I live in fear that any of the songs I really like this year are going to be ruined by distracting on-stage antics, and now it looks like two good songs might be going that way. I'm watching Romania's rehearsal right now on the giant screen (from the Media Centre), and it doesn't look like I imagined it would. There are dancers in brightly coloured costumes (possibly relating to the Romanian flag - there's reflection on the screen, so I can't see properly) holding coloured discs as they cavort around. It's lost on me. Marcus and Russell have just told me it involves the male and female dancers stripping off, five times for the woman, but revealing other costumes underneath 'Something spangly', said Russell. Oh dear, are they trying to imitate last year's Latvian winner, by any chance? The song's good enough to stand up on its own. Stop messing about.

More worryingly, my second fave song, Ukraine, had a rehearsal this morning on which people have reported back very favourably. (I was in the UK's press conference, so didn't see it.

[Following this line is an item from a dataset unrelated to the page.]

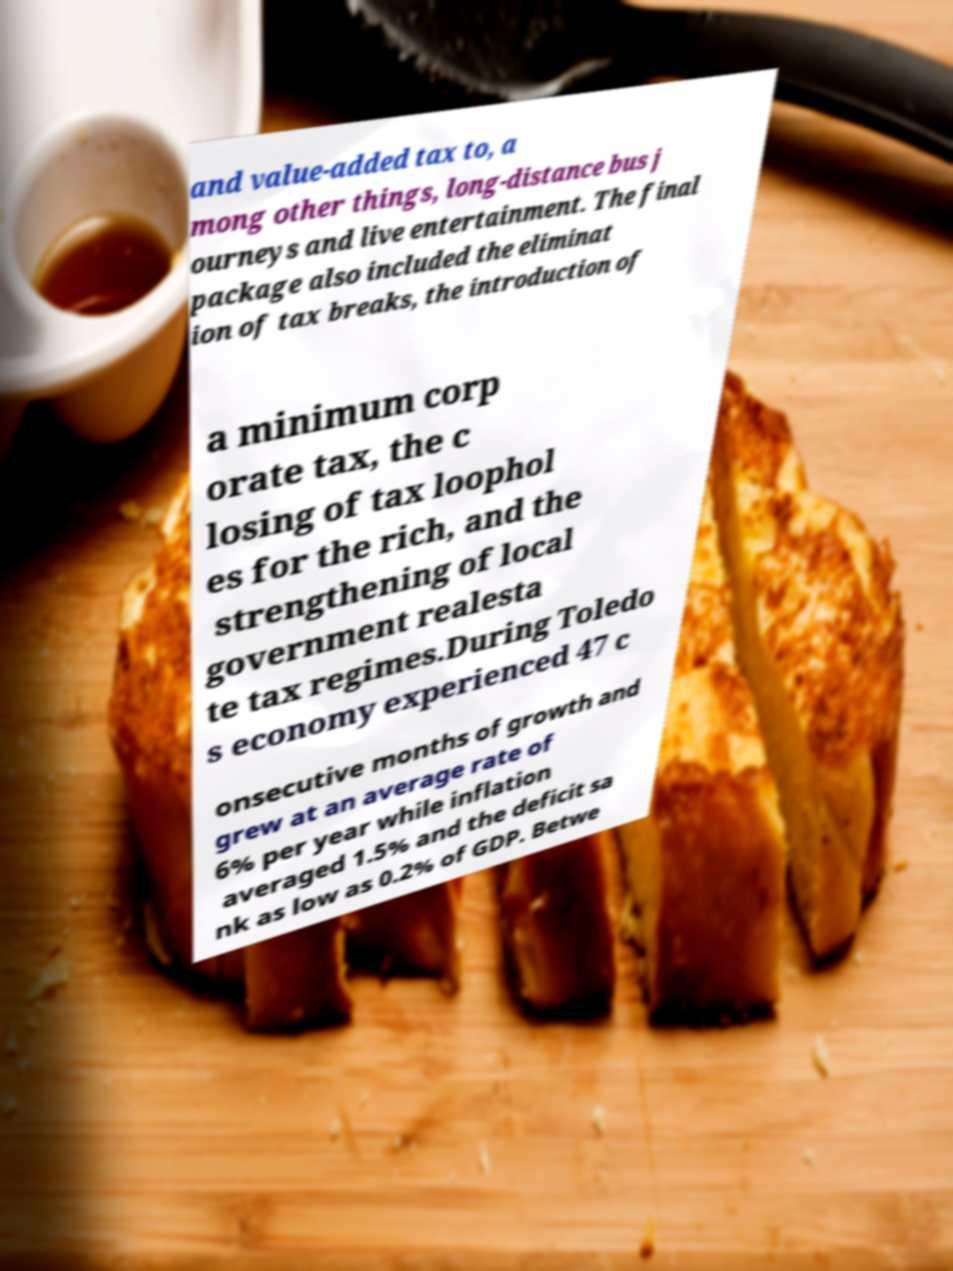Please identify and transcribe the text found in this image. and value-added tax to, a mong other things, long-distance bus j ourneys and live entertainment. The final package also included the eliminat ion of tax breaks, the introduction of a minimum corp orate tax, the c losing of tax loophol es for the rich, and the strengthening of local government realesta te tax regimes.During Toledo s economy experienced 47 c onsecutive months of growth and grew at an average rate of 6% per year while inflation averaged 1.5% and the deficit sa nk as low as 0.2% of GDP. Betwe

I may be industrious, but being in two places at once I haven't yet mastered.) However, the act wasn't complete, for there is going to be a snake woman involved. Once again, the song is brilliant, and stands a chance of winning. Olexandr's voice, as demonstrated again when he sang a Ukranian song in today's conference, is absolutely stunning. (You can tell that from the operatic intro to Hasta La Vista anyway.) We really don't need snakes. Why do these countries take something good and then think that they have to throw the kitchen sink at it? Oh, Latvia last year. There's your answer again. On a more serious note, if it really is a live snake, you'll be likely to find me with a placard protesting in the hall. I think using animals in live stage acts is unneccessary and cruel. I remember how sickening it was seeing Britney Spears at one of the music awards shows with a snack round her neck and tigers caged behind her. On stage, bright lights and pyrotechnic explosions. I just wanted the snake to strangle Britney and for someone to set the tigers free. There's no need to subject them to that. Rant over. Those lovely Swedes and their bland Europop offering are on now. I met Magnus last night at the official Latvian reception, and he was utterly charming.